[英]Extract data from html using beautifulsoup
Im trying to extract the data which is under EXPERIENCE tag. 我试图提取EXPERIENCE标签下的数据。 Im using beautifulsoup to extract the data.
我使用beautifulsoup来提取数据。 Below is my html:
下面是我的html:
<div><span>EXPERIENCE
<br/></span></div><div><span>
<br/></span></div><div><span>
<br/></span></div><div><span></span><span> </span><span>I worked in XYZ company from 2016 - 2018
<br/></span></div><div><span> I worked on JAVA platform
<br/></span></div><div><span>From then i worked in ABC company
</br>2018- Till date
</br></span></div><div><span>I got handson on Python Language
</br></span></div><div><span>PROJECTS
</br></span></div><div><span>Developed and optimized many application, etc...

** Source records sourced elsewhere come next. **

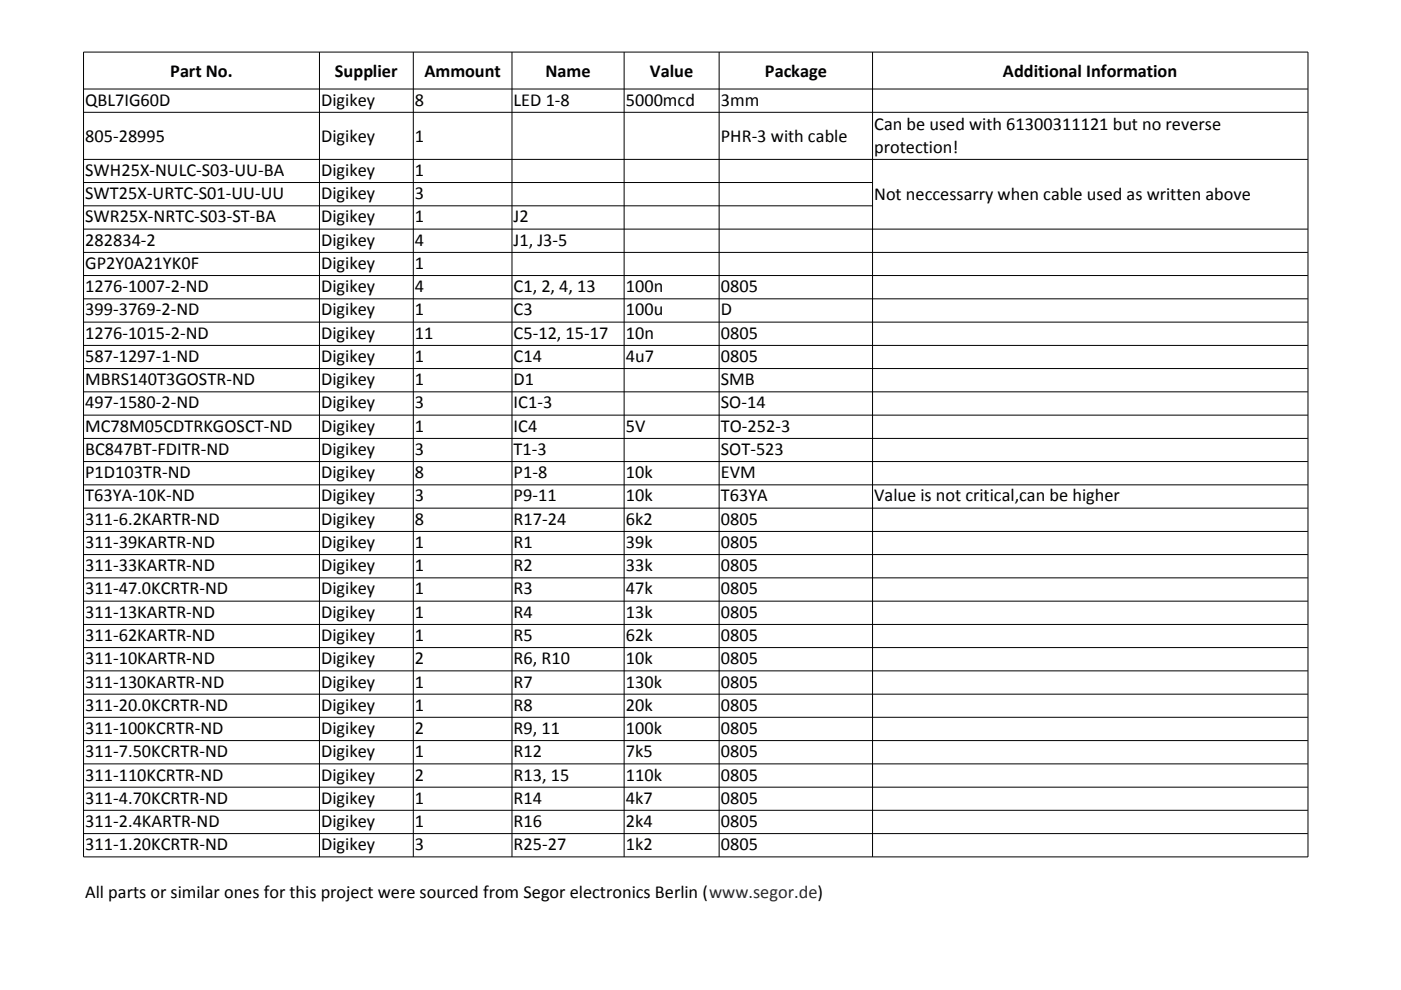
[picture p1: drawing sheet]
<svg xmlns="http://www.w3.org/2000/svg" width="297mm" height="210mm" viewBox="0 0 297 210" stroke-linecap="round" stroke-linejoin="round" font-family="sans-serif">
<defs><g id="words">
<g font-size="3.9">
<text x="36.1" y="16.3">Part No.</text>
<text x="71" y="16.3">Supplier</text>
<text x="90" y="16.3">Ammount</text>
<text x="115.7" y="16.3">Name</text>
<text x="137.8" y="16.3">Value</text>
<text x="162.2" y="16.3">Package</text>
<text x="212.7" y="16.3">Additional Information</text>
<text x="18.1" y="22.4">QBL7IG60D</text>
<text x="68.1" y="22.4">Digikey</text>
<text x="88" y="22.4">8</text>
<text x="108.9" y="22.4">LED 1-8</text>
<text x="132.7" y="22.4">5000mcd</text>
<text x="152.8" y="22.4">3mm</text>
<text x="185.3" y="27.6">Can be used with 61300311121 but no reverse</text>
<text x="18.1" y="30.1">805-28995</text>
<text x="68.1" y="30.1">Digikey</text>
<text x="88" y="30.1">1</text>
<text x="152.8" y="30.1">PHR-3 with cable</text>
<text x="185.3" y="32.3">protection!</text>
<text x="18.1" y="37.3">SWH25X-NULC-S03-UU-BA</text>
<text x="68.1" y="37.3">Digikey</text>
<text x="88" y="37.3">1</text>
<text x="18.1" y="42.2">SWT25X-URTC-S01-UU-UU</text>
<text x="18.1" y="47.2">SWR25X-NRTC-S03-ST-BA</text>
<text x="68.1" y="42.3">Digikey</text>
<text x="68.1" y="47.2">Digikey</text>
<text x="88" y="42.2">3</text>
<text x="88" y="47.2">1</text>
<text x="108.9" y="47.2">J2</text>
<text x="185.3" y="42.5">Not neccessarry when cable used as written above</text>
<text x="18.1" y="52.1">282834-2</text>
<text x="68.1" y="52.1">Digikey</text>
<text x="88" y="52.1">4</text>
<text x="108.9" y="52.1">J1, J3-5</text>
<text x="18.1" y="57">GP2Y0A21YK0F</text>
<text x="68.1" y="57">Digikey</text>
<text x="88" y="57">1</text>
<text x="18.1" y="61.9">1276-1007-2-ND</text>
<text x="68.1" y="62">Digikey</text>
<text x="88" y="61.9">4</text>
<text x="108.9" y="61.9">C1, 2, 4, 13</text>
<text x="132.7" y="61.9">100n</text>
<text x="152.8" y="61.9">0805</text>
<text x="18.1" y="66.9">399-3769-2-ND</text>
<text x="18.1" y="71.8">1276-1015-2-ND</text>
<text x="68.1" y="66.9">Digikey</text>
<text x="68.1" y="71.8">Digikey</text>
<text x="88" y="66.9">1</text>
<text x="88" y="71.8">11</text>
<text x="108.9" y="66.9">C3</text>
<text x="108.9" y="71.8">C5-12, 15-17</text>
<text x="132.7" y="66.9">100u</text>
<text x="132.7" y="71.8">10n</text>
<text x="152.8" y="66.9">D</text>
<text x="152.8" y="71.8">0805</text>
<text x="18.1" y="76.8">587-1297-1-ND</text>
<text x="68.1" y="76.8">Digikey</text>
<text x="88" y="76.8">1</text>
<text x="108.9" y="76.8">C14</text>
<text x="132.7" y="76.8">4u7</text>
<text x="152.8" y="76.8">0805</text>
<text x="18.1" y="81.7">MBRS140T3GOSTR-ND</text>
<text x="68.1" y="81.7">Digikey</text>
<text x="88" y="81.7">1</text>
<text x="108.9" y="81.7">D1</text>
<text x="152.8" y="81.7">SMB</text>
<text x="18.1" y="86.6">497-1580-2-ND</text>
<text x="68.1" y="86.6">Digikey</text>
<text x="88" y="86.6">3</text>
<text x="108.9" y="86.6">IC1-3</text>
<text x="152.8" y="86.6">SO-14</text>
<text x="18.1" y="91.5">MC78M05CDTRKGOSCT-ND</text>
<text x="68.1" y="91.5">Digikey</text>
<text x="88" y="91.5">1</text>
<text x="108.9" y="91.5">IC4</text>
<text x="132.7" y="91.5">5V</text>
<text x="152.8" y="91.5">TO-252-3</text>
<text x="18.1" y="96.5">BC847BT-FDITR-ND</text>
<text x="18.1" y="101.4">P1D103TR-ND</text>
<text x="68.1" y="96.5">Digikey</text>
<text x="68.1" y="101.4">Digikey</text>
<text x="88" y="96.5">3</text>
<text x="88" y="101.4">8</text>
<text x="108.9" y="96.5">T1-3</text>
<text x="108.9" y="101.4">P1-8</text>
<text x="132.7" y="101.4">10k</text>
<text x="152.8" y="96.5">SOT-523</text>
<text x="152.8" y="101.4">EVM</text>
<text x="18.1" y="106.3">T63YA-10K-ND</text>
<text x="68.1" y="106.3">Digikey</text>
<text x="88" y="106.3">3</text>
<text x="108.9" y="106.3">P9-11</text>
<text x="132.7" y="106.3">10k</text>
<text x="152.8" y="106.3">T63YA</text>
<text x="185.3" y="106.3">Value is not critical,can be higher</text>
<text x="18.1" y="111.3">311-6.2KARTR-ND</text>
<text x="68.1" y="111.3">Digikey</text>
<text x="88" y="111.3">8</text>
<text x="108.9" y="111.3">R17-24</text>
<text x="132.7" y="111.3">6k2</text>
<text x="152.8" y="111.3">0805</text>
<text x="18.1" y="116.2">311-39KARTR-ND</text>
<text x="68.1" y="116.2">Digikey</text>
<text x="88" y="116.2">1</text>
<text x="108.9" y="116.2">R1</text>
<text x="132.7" y="116.2">39k</text>
<text x="152.8" y="116.2">0805</text>
<text x="18.1" y="121.1">311-33KARTR-ND</text>
<text x="68.1" y="121.1">Digikey</text>
<text x="88" y="121.1">1</text>
<text x="108.9" y="121.1">R2</text>
<text x="132.7" y="121.1">33k</text>
<text x="152.8" y="121.1">0805</text>
<text x="18.1" y="126">311-47.0KCRTR-ND</text>
<text x="18.1" y="131">311-13KARTR-ND</text>
<text x="68.1" y="126">Digikey</text>
<text x="68.1" y="131">Digikey</text>
<text x="88" y="126">1</text>
<text x="88" y="131">1</text>
<text x="108.9" y="126">R3</text>
<text x="108.9" y="131">R4</text>
<text x="132.7" y="126">47k</text>
<text x="132.7" y="131">13k</text>
<text x="152.8" y="126">0805</text>
<text x="152.8" y="131">0805</text>
<text x="18.1" y="135.9">311-62KARTR-ND</text>
<text x="68.1" y="135.9">Digikey</text>
<text x="88" y="135.9">1</text>
<text x="108.9" y="135.9">R5</text>
<text x="132.7" y="135.9">62k</text>
<text x="152.8" y="135.9">0805</text>
<text x="18.1" y="140.8">311-10KARTR-ND</text>
<text x="68.1" y="140.9">Digikey</text>
<text x="88" y="140.8">2</text>
<text x="108.9" y="140.8">R6, R10</text>
<text x="132.7" y="140.8">10k</text>
<text x="152.8" y="140.8">0805</text>
<text x="18.1" y="145.8">311-130KARTR-ND</text>
<text x="68.1" y="145.8">Digikey</text>
<text x="88" y="145.8">1</text>
<text x="108.9" y="145.8">R7</text>
<text x="132.7" y="145.8">130k</text>
<text x="152.8" y="145.8">0805</text>
<text x="18.1" y="150.7">311-20.0KCRTR-ND</text>
<text x="18.1" y="155.6">311-100KCRTR-ND</text>
<text x="68.1" y="150.7">Digikey</text>
<text x="68.1" y="155.6">Digikey</text>
<text x="88" y="150.7">1</text>
<text x="88" y="155.6">2</text>
<text x="108.9" y="150.7">R8</text>
<text x="108.9" y="155.6">R9, 11</text>
<text x="132.7" y="150.7">20k</text>
<text x="132.7" y="155.6">100k</text>
<text x="152.8" y="150.7">0805</text>
<text x="152.8" y="155.6">0805</text>
<text x="18.1" y="160.5">311-7.50KCRTR-ND</text>
<text x="68.1" y="160.6">Digikey</text>
<text x="88" y="160.5">1</text>
<text x="108.9" y="160.5">R12</text>
<text x="132.7" y="160.5">7k5</text>
<text x="152.8" y="160.5">0805</text>
<text x="18.1" y="165.5">311-110KCRTR-ND</text>
<text x="68.1" y="165.5">Digikey</text>
<text x="88" y="165.5">2</text>
<text x="108.9" y="165.5">R13, 15</text>
<text x="132.7" y="165.5">110k</text>
<text x="152.8" y="165.5">0805</text>
<text x="18.1" y="170.4">311-4.70KCRTR-ND</text>
<text x="68.1" y="170.4">Digikey</text>
<text x="88" y="170.4">1</text>
<text x="108.9" y="170.4">R14</text>
<text x="132.7" y="170.4">4k7</text>
<text x="152.8" y="170.4">0805</text>
<text x="18.1" y="175.4">311-2.4KARTR-ND</text>
<text x="68.1" y="175.4">Digikey</text>
<text x="88" y="175.4">1</text>
<text x="108.9" y="175.4">R16</text>
<text x="132.7" y="175.4">2k4</text>
<text x="152.8" y="175.4">0805</text>
<text x="18.1" y="180.3">311-1.20KCRTR-ND</text>
<text x="68.1" y="180.3">Digikey</text>
<text x="88" y="180.3">3</text>
<text x="108.9" y="180.3">R25-27</text>
<text x="132.7" y="180.3">1k2</text>
<text x="152.8" y="180.3">0805</text>
<text x="18.1" y="190.4">All parts or similar ones for this project were sourced from Segor electronics Berlin (www.segor.de)</text>
</g>
</g></defs>
<g fill="none" stroke="#000" stroke-width=".21">
<path d="M17.7 11h259.6v170.7h-259.6zM17.7 18.9h259.6M67.7 11v170.7M87.6 11v170.7M108.5 11v170.7M132.3 11v170.7M152.5 11v170.7M185 11v170.7M17.7 23.8h259.6M17.7 33.8h259.6M17.7 38.7h167.3M17.7 43.6h167.3"/>
<path d="M17.7 48.6h259.6M17.7 53.5h259.6M17.7 58.4h259.6M17.7 63.4h259.6M17.7 68.3h259.6M17.7 73.2h259.6M17.7 78.1h259.6M17.7 83.1h259.6M17.7 88h259.6M17.7 93h259.6M17.7 97.9h259.6M17.7 102.8h259.6"/>
<path d="M17.7 107.7h259.6M17.7 112.7h259.6M17.7 117.6h259.6M17.7 122.5h259.6M17.7 127.5h259.6M17.7 132.4h259.6M17.7 137.3h259.6M17.7 142.2h259.6M17.7 147.2h259.6M17.7 152.1h259.6M17.7 157h259.6M17.7 162h259.6"/>
<path d="M17.7 166.9h259.6M17.7 171.8h259.6M17.7 176.7h259.6"/>
</g>
<use href="#words"/>
</svg>

My work till now: 我的工作到现在为止:
with open('E:/cvparser/test.html','rb') as h:
dh = h.read().splitlines()
out = str(dh)
soup = BeautifulSoup(out,'html.parser')
for tag in soup.select('div:has(span:contains("EXPERIENCE"))'):
final = (tag.get_text(strip = True, separator = '\n'))
print(final)
Expected Output: 预期产出:
I worked in XYZ company from 2016 - 2018
I worked on JAVA platform
From then i worked in ABC company
2018- Till date
I got handson on Python Language
For my code its returning null. 对于我的代码,它返回null。 Can someone help me out here?
有人可以帮帮我吗?
What I understood is you want to have text in span
between EXPERIENCE and PROJECTS 我的理解是要在文本
span
经验和项目之间
Here is what you need: 这是你需要的:
from bs4 import BeautifulSoup as soup
html = """<div><span>EXPERIENCE
<br/></span></div><div><span>
<br/></span></div><div><span>
<br/></span></div><div><span></span><span> </span><span>I worked in XYZ company from 2016 - 2018
<br/></span></div><div><span> I worked on JAVA platform
<br/></span></div><div><span>From then i worked in ABC company
</br>2018- Till date
</br></span></div><div><span>I got handson on Python Language
</br></span></div><div><span>PROJECTS
</br></span></div><div><span>Developed and optimized many application, etc...</span></div>"""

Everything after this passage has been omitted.